In another embodiment, the kit may be a dispenser designed to dispense the daily doses one at a time. In some embodiments, the dispenser may be equipped with a memory-aid, so as to further facilitate compliance with the regimen. An example of such a memory-aid may be a mechanical counter, which indicates the number of daily doses that, have been dispensed. Another example of such a memory-aid may be a battery-powered micro-chip memory coupled with a liquid crystal readout, or audible reminder signal which, for example, reads out the date that the last daily dose has been taken and/or reminds one when the next dose is to be taken.

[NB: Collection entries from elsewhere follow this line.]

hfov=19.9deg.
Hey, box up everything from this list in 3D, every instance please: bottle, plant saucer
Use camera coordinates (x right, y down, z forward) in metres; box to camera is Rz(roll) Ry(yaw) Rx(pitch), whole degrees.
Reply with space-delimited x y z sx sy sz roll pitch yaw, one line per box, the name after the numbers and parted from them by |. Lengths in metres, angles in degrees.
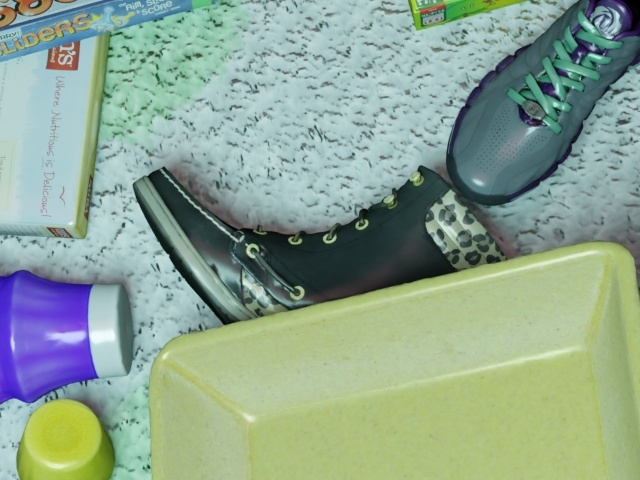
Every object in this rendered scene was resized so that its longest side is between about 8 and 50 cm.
-0.276 0.073 1.287 0.283 0.092 0.118 -4 83 4 | bottle
0.062 0.195 1.124 0.333 0.081 0.332 -14 63 20 | plant saucer

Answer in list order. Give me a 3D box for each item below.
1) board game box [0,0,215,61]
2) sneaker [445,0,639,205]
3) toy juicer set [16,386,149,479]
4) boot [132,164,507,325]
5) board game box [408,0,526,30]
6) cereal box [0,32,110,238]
-0.192 -0.205 1.339 0.201 0.035 0.136 -17 57 -8 | board game box
0.168 -0.124 1.271 0.083 0.098 0.223 37 69 10 | sneaker
-0.056 0.228 1.246 0.209 0.089 0.329 -24 69 -16 | toy juicer set
0.001 0.001 1.287 0.178 0.085 0.236 -42 84 -7 | boot
0.145 -0.226 1.345 0.181 0.043 0.092 -15 77 2 | board game box
-0.283 -0.093 1.348 0.240 0.047 0.173 4 75 5 | cereal box
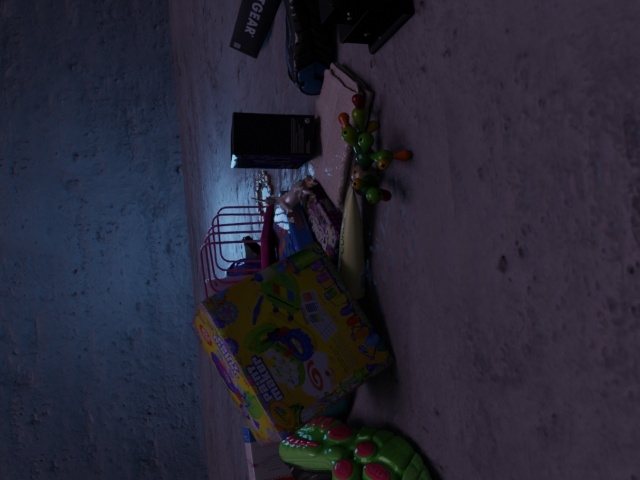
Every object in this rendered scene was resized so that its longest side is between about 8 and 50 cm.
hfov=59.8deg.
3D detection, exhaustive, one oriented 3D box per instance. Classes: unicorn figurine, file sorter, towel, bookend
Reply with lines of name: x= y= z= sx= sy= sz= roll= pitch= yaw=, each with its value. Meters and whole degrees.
unicorn figurine: x=-0.075 y=-0.098 z=1.338 sx=0.060 sy=0.162 sz=0.111 roll=52 pitch=-173 yaw=-42
file sorter: x=-0.227 y=0.034 z=1.589 sx=0.291 sy=0.182 sz=0.202 roll=-94 pitch=3 yaw=-67
towel: x=0.035 y=-0.229 z=1.218 sx=0.187 sy=0.049 sz=0.282 roll=-123 pitch=35 yaw=-50
bookend: x=0.057 y=-0.404 z=0.990 sx=0.156 sy=0.157 sz=0.072 roll=159 pitch=106 yaw=-66

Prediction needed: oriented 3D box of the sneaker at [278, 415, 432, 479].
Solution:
sneaker: x=0.085 y=0.497 z=1.120 sx=0.202 sy=0.185 sz=0.483 roll=65 pitch=157 yaw=-8

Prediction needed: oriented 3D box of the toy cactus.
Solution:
toy cactus: x=0.093 y=-0.152 z=1.060 sx=0.180 sy=0.112 sz=0.219 roll=88 pitch=165 yaw=-62

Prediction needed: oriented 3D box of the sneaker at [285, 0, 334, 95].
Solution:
sneaker: x=-0.035 y=-0.505 z=1.237 sx=0.139 sy=0.125 sz=0.341 roll=-131 pitch=43 yaw=-58

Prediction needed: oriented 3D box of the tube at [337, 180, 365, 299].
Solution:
tube: x=0.064 y=0.002 z=1.158 sx=0.070 sy=0.062 sz=0.240 roll=19 pitch=115 yaw=47

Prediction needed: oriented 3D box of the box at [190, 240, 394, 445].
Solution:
box: x=-0.063 y=0.205 z=1.124 sx=0.290 sy=0.279 sz=0.177 roll=58 pitch=151 yaw=9

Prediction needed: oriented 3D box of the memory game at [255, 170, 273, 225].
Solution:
memory game: x=-0.185 y=-0.136 z=1.813 sx=0.186 sy=0.012 sz=0.186 roll=176 pitch=90 yaw=-67

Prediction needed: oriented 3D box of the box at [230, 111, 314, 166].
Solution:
box: x=-0.126 y=-0.235 z=1.353 sx=0.261 sy=0.184 sz=0.103 roll=-175 pitch=87 yaw=-80

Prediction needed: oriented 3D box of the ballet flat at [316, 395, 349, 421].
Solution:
ballet flat: x=0.019 y=0.410 z=1.348 sx=0.086 sy=0.086 sz=0.248 roll=-122 pitch=34 yaw=-48

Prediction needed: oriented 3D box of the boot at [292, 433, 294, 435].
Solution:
boot: x=-0.046 y=0.554 z=1.547 sx=0.246 sy=0.083 sz=0.161 roll=161 pitch=97 yaw=-73

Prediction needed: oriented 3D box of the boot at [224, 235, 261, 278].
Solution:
boot: x=-0.259 y=0.091 z=1.954 sx=0.263 sy=0.091 sz=0.229 roll=32 pitch=123 yaw=51

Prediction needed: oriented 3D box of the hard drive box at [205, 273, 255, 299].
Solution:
hard drive box: x=-0.206 y=0.181 z=1.637 sx=0.181 sy=0.232 sz=0.089 roll=-131 pitch=42 yaw=-56

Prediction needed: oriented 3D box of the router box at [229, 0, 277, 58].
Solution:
router box: x=-0.119 y=-0.636 z=1.344 sx=0.309 sy=0.081 sz=0.243 roll=131 pitch=158 yaw=-60

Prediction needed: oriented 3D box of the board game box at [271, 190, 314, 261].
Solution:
board game box: x=-0.071 y=0.001 z=1.406 sx=0.160 sy=0.047 sz=0.210 roll=106 pitch=153 yaw=-45

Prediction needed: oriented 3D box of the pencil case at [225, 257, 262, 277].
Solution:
pencil case: x=-0.243 y=0.209 z=1.820 sx=0.119 sy=0.133 sz=0.306 roll=-63 pitch=-25 yaw=-60

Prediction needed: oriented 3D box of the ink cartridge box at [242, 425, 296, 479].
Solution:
ink cartridge box: x=-0.157 y=0.691 z=1.742 sx=0.078 sy=0.134 sz=0.231 roll=141 pitch=122 yaw=-62

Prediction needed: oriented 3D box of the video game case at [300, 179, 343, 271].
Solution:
video game case: x=0.000 y=0.000 z=1.353 sx=0.232 sy=0.042 sz=0.210 roll=-119 pitch=31 yaw=-45
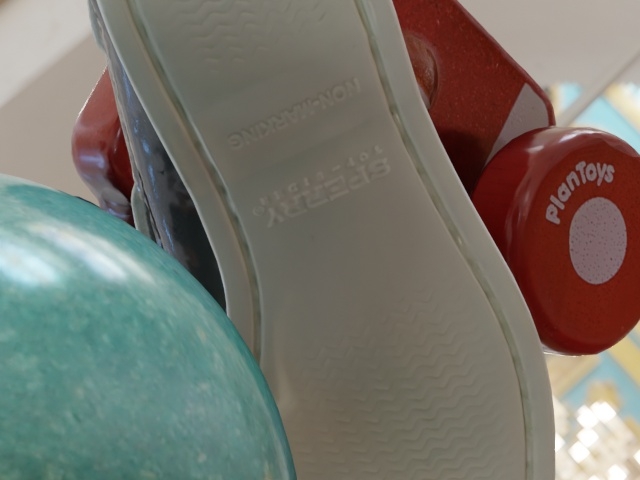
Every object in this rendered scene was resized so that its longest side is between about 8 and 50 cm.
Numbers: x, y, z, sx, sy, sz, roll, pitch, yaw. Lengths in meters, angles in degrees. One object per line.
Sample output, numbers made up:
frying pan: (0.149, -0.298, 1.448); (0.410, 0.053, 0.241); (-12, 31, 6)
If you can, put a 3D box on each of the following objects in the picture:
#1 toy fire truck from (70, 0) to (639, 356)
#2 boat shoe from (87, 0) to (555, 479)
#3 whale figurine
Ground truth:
toy fire truck: (-0.013, 0.010, 0.799); (0.254, 0.169, 0.302); (40, -110, -34)
boat shoe: (0.000, 0.000, 0.612); (0.114, 0.091, 0.302); (-15, -72, -6)
whale figurine: (-0.123, 0.046, 0.468); (0.216, 0.272, 0.141); (23, -97, -45)
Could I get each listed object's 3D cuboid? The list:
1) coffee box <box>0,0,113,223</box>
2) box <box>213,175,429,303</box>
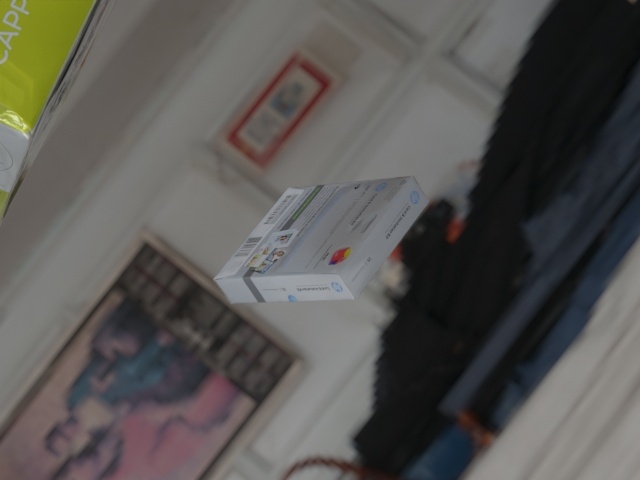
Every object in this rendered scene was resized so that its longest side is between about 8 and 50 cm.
[{"bbox_3d":[-0.330,-0.253,1.605,0.338,0.338,0.334,26,163,-7],"label":"coffee box"},{"bbox_3d":[0.000,0.000,1.956,0.186,0.145,0.038,-6,128,48],"label":"box"}]
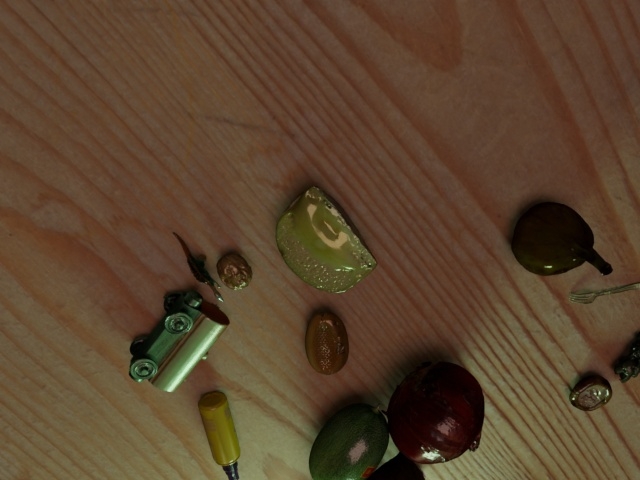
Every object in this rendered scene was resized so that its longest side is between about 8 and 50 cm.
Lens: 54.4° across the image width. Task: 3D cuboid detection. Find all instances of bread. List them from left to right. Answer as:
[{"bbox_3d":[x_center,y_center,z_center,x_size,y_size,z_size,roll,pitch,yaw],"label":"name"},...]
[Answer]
[{"bbox_3d":[0.018,0.262,1.619,0.114,0.077,0.189,3,113,13],"label":"bread"}]

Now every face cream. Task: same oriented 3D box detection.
[{"bbox_3d":[-0.263,0.543,1.686,0.078,0.078,0.274,-11,111,-3],"label":"face cream"}]

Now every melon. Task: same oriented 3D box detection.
[{"bbox_3d":[0.082,0.553,1.680,0.182,0.182,0.288,29,106,-17],"label":"melon"}]

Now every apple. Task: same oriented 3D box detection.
[{"bbox_3d":[0.000,0.000,1.496,0.193,0.120,0.265,-33,109,20],"label":"apple"}]

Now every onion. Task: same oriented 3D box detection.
[{"bbox_3d":[0.307,0.448,1.621,0.276,0.276,0.276,-2,111,-6],"label":"onion"}]

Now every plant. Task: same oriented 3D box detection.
[{"bbox_3d":[0.898,0.330,1.759,0.085,0.087,0.174,40,108,17],"label":"plant"}]

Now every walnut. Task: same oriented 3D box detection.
[{"bbox_3d":[-0.208,0.076,1.516,0.096,0.079,0.082,51,59,-13],"label":"walnut"}]

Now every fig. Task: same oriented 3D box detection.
[{"bbox_3d":[0.224,0.658,1.706,0.216,0.321,0.217,14,139,13],"label":"fig"},{"bbox_3d":[0.604,0.029,1.508,0.190,0.290,0.191,-17,127,-24],"label":"fig"}]

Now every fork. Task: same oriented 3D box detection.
[{"bbox_3d":[0.789,0.145,1.698,0.219,0.028,0.034,-8,108,-4],"label":"fork"}]

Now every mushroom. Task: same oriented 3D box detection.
[{"bbox_3d":[0.777,0.439,1.796,0.123,0.052,0.123,-1,116,-1],"label":"mushroom"}]

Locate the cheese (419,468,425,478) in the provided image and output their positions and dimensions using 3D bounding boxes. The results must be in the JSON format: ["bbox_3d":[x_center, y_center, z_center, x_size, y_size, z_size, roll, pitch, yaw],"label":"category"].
[{"bbox_3d":[0.264,0.720,1.845,0.095,0.038,0.145,-4,117,-4],"label":"cheese"}]

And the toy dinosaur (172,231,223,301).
[{"bbox_3d":[-0.295,0.067,1.486,0.044,0.106,0.187,-30,112,4],"label":"toy dinosaur"}]

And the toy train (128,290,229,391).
[{"bbox_3d":[-0.355,0.257,1.556,0.177,0.116,0.285,32,103,-30],"label":"toy train"}]
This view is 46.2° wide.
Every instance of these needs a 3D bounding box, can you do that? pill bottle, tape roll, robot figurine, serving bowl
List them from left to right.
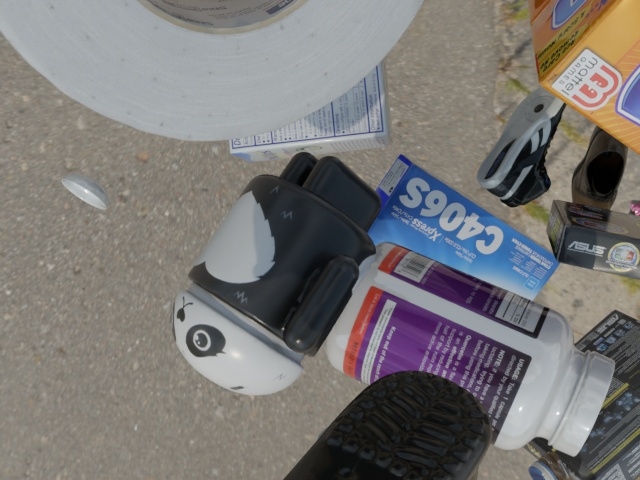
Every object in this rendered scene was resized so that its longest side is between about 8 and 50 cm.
[{"bbox_3d":[-0.381,-0.086,1.233,0.083,0.083,0.027,34,70,-13],"label":"serving bowl"},{"bbox_3d":[-0.051,-0.159,0.335,0.219,0.072,0.219,-12,124,-18],"label":"tape roll"},{"bbox_3d":[-0.049,0.036,0.846,0.173,0.209,0.278,32,82,6],"label":"robot figurine"},{"bbox_3d":[0.181,0.138,0.931,0.322,0.181,0.182,24,100,17],"label":"pill bottle"}]

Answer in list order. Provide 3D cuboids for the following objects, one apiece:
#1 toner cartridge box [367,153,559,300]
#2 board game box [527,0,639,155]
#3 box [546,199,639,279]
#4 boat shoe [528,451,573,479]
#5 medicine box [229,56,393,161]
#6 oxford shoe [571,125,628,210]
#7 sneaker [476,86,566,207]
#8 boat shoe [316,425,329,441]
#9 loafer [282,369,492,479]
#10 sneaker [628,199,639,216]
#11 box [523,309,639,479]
[{"bbox_3d":[0.241,0.008,1.327,0.347,0.075,0.165,29,103,-19],"label":"toner cartridge box"},{"bbox_3d":[0.501,-0.289,0.874,0.356,0.356,0.356,32,126,-11],"label":"board game box"},{"bbox_3d":[0.489,0.009,1.138,0.270,0.216,0.060,12,105,10],"label":"box"},{"bbox_3d":[0.455,0.467,1.361,0.066,0.066,0.183,-35,97,-20],"label":"boat shoe"},{"bbox_3d":[-0.025,-0.293,1.366,0.289,0.149,0.264,-6,88,8],"label":"medicine box"},{"bbox_3d":[0.484,-0.098,1.320,0.082,0.096,0.227,10,140,17],"label":"oxford shoe"},{"bbox_3d":[0.368,-0.156,1.284,0.121,0.079,0.217,35,95,-31],"label":"sneaker"},{"bbox_3d":[0.178,0.464,1.641,0.367,0.136,0.156,-18,106,23],"label":"boat shoe"},{"bbox_3d":[-0.009,0.243,0.496,0.366,0.133,0.130,-34,135,-29],"label":"loafer"},{"bbox_3d":[0.600,-0.021,1.387,0.047,0.119,0.057,7,129,-11],"label":"sneaker"},{"bbox_3d":[0.631,0.350,1.646,0.395,0.318,0.097,-37,115,-10],"label":"box"}]
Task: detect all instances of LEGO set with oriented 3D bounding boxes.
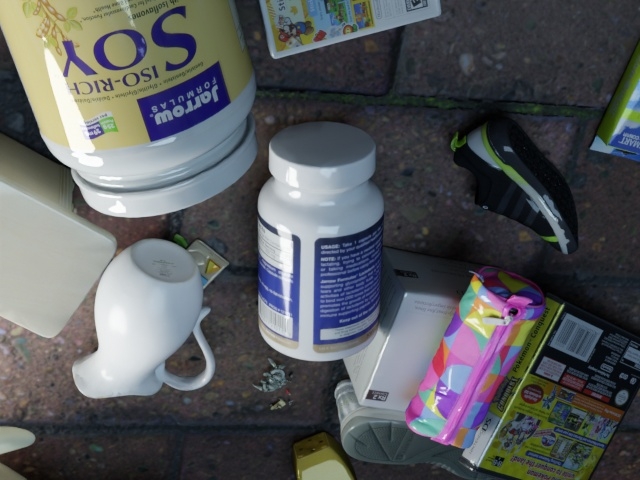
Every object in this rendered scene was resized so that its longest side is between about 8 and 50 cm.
[{"bbox_3d":[-0.057,0.195,1.875,0.054,0.023,0.083,-30,122,5],"label":"LEGO set"}]

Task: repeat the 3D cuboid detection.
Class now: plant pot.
[{"bbox_3d":[0.001,0.313,1.930,0.081,0.081,0.083,-22,112,0],"label":"plant pot"}]

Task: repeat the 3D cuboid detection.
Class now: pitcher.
[{"bbox_3d":[-0.196,0.104,1.734,0.178,0.125,0.207,7,128,-23],"label":"pitcher"}]

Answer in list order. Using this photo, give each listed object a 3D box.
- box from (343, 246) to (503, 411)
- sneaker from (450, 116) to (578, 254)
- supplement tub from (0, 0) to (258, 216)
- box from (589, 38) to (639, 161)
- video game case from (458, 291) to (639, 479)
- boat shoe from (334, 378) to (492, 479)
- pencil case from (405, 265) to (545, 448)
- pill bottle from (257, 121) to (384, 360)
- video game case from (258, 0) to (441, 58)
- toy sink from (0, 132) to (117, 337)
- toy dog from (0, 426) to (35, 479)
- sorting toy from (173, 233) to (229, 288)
[{"bbox_3d":[0.146,0.123,1.826,0.181,0.119,0.181,10,117,-20],"label":"box"},{"bbox_3d":[0.244,-0.066,1.778,0.097,0.084,0.234,-22,125,29],"label":"sneaker"},{"bbox_3d":[-0.203,-0.216,1.466,0.241,0.241,0.331,-18,122,-3],"label":"supplement tub"},{"bbox_3d":[0.424,-0.174,1.763,0.109,0.042,0.178,12,116,-20],"label":"box"},{"bbox_3d":[0.326,0.216,1.883,0.275,0.035,0.248,24,95,-47],"label":"video game case"},{"bbox_3d":[0.173,0.251,1.924,0.321,0.103,0.118,7,131,-19],"label":"boat shoe"},{"bbox_3d":[0.188,0.143,1.719,0.104,0.104,0.236,13,116,-21],"label":"pencil case"},{"bbox_3d":[0.000,0.000,1.696,0.153,0.153,0.264,-5,122,-11],"label":"pill bottle"},{"bbox_3d":[0.021,-0.333,1.579,0.206,0.026,0.227,-15,123,-5],"label":"video game case"},{"bbox_3d":[-0.367,-0.023,1.607,0.234,0.131,0.152,29,110,-22],"label":"toy sink"},{"bbox_3d":[-0.348,0.427,1.828,0.408,0.284,0.395,14,98,-22],"label":"toy dog"},{"bbox_3d":[-0.162,0.027,1.755,0.062,0.012,0.083,-43,121,13],"label":"sorting toy"}]
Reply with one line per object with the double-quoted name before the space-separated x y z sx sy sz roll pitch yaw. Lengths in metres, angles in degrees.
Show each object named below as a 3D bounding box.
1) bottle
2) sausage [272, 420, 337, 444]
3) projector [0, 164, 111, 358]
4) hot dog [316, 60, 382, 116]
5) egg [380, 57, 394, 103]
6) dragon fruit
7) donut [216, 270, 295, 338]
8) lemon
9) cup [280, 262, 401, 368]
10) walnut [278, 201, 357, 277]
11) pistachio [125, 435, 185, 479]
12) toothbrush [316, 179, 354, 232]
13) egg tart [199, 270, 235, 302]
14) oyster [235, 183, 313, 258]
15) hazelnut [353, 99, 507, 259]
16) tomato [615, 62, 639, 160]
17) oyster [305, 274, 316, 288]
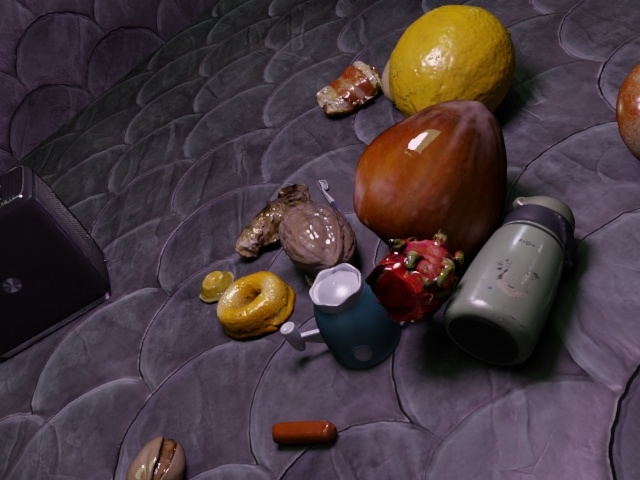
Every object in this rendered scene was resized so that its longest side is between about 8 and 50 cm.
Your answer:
"bottle" 0.371 0.057 1.272 0.168 0.168 0.347 8 48 39
"sausage" -0.030 0.362 1.281 0.131 0.039 0.041 -10 39 25
"projector" -0.849 0.057 1.866 0.395 0.405 0.242 -31 37 -2
"hot dog" 0.095 -0.460 2.107 0.213 0.103 0.146 -34 58 9
"egg" 0.259 -0.478 1.961 0.164 0.164 0.201 15 60 43
"dragon fruit" 0.176 0.057 1.242 0.160 0.166 0.172 1 24 31
"donut" -0.158 0.144 1.588 0.190 0.074 0.174 -10 42 25
"lemon" 0.334 -0.437 1.744 0.336 0.336 0.336 -18 39 15
"cup" 0.061 0.143 1.365 0.299 0.173 0.167 -21 39 11
"walnut" -0.001 0.002 1.570 0.178 0.178 0.230 -31 31 -2
"pistachio" -0.316 0.452 1.322 0.113 0.113 0.149 -13 25 21
"toothbrush" 0.041 -0.087 1.768 0.026 0.024 0.288 -18 35 -8
"egg tart" -0.267 0.111 1.727 0.105 0.039 0.105 -16 40 14
"oyster" -0.122 -0.078 1.817 0.166 0.094 0.294 -17 32 29
"hazelnut" 0.243 -0.125 1.426 0.315 0.372 0.372 32 61 8
"tomato" 0.734 -0.251 1.343 0.270 0.222 0.270 -15 59 27
"oyster" -0.003 0.109 1.535 0.038 0.080 0.083 -58 4 0
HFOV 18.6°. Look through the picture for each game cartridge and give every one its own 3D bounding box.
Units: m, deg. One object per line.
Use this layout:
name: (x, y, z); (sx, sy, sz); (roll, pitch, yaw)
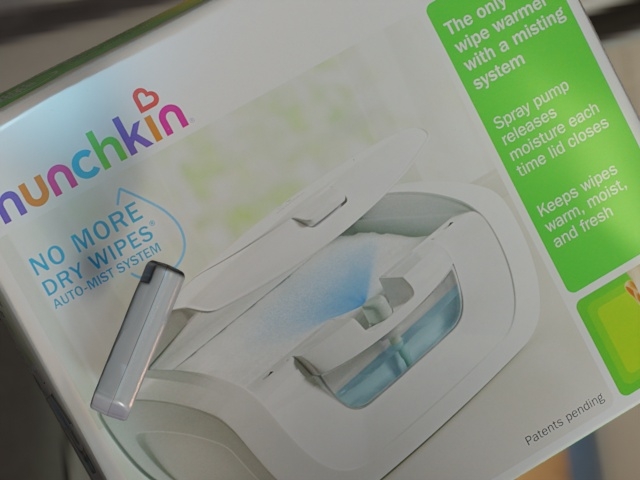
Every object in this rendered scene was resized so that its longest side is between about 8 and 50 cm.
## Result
game cartridge: (-0.063, 0.034, 0.672); (0.056, 0.017, 0.083); (-64, -176, -1)

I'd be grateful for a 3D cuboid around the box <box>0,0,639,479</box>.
box: (0.000, 0.000, 0.814); (0.231, 0.262, 0.127); (63, -12, -9)

In addition to any previously indicated modification, numerous other variations and alternative arrangements may be devised by those skilled in the art without departing from the spirit and scope of the invention, and appended claims are intended to cover such modifications and arrangements. Thus, while the invention has been described above with particularity and detail in connection with what is presently deemed to be the most practical and preferred aspects of the invention, it will be apparent to those of ordinary skill in the art that numerous modifications, including, but not limited to, form, function, manner of operation and use may be made without departing from the principles and concepts set forth herein. Also, as used herein, examples are meant to be illustrative only and should not be construed to be limiting in any manner.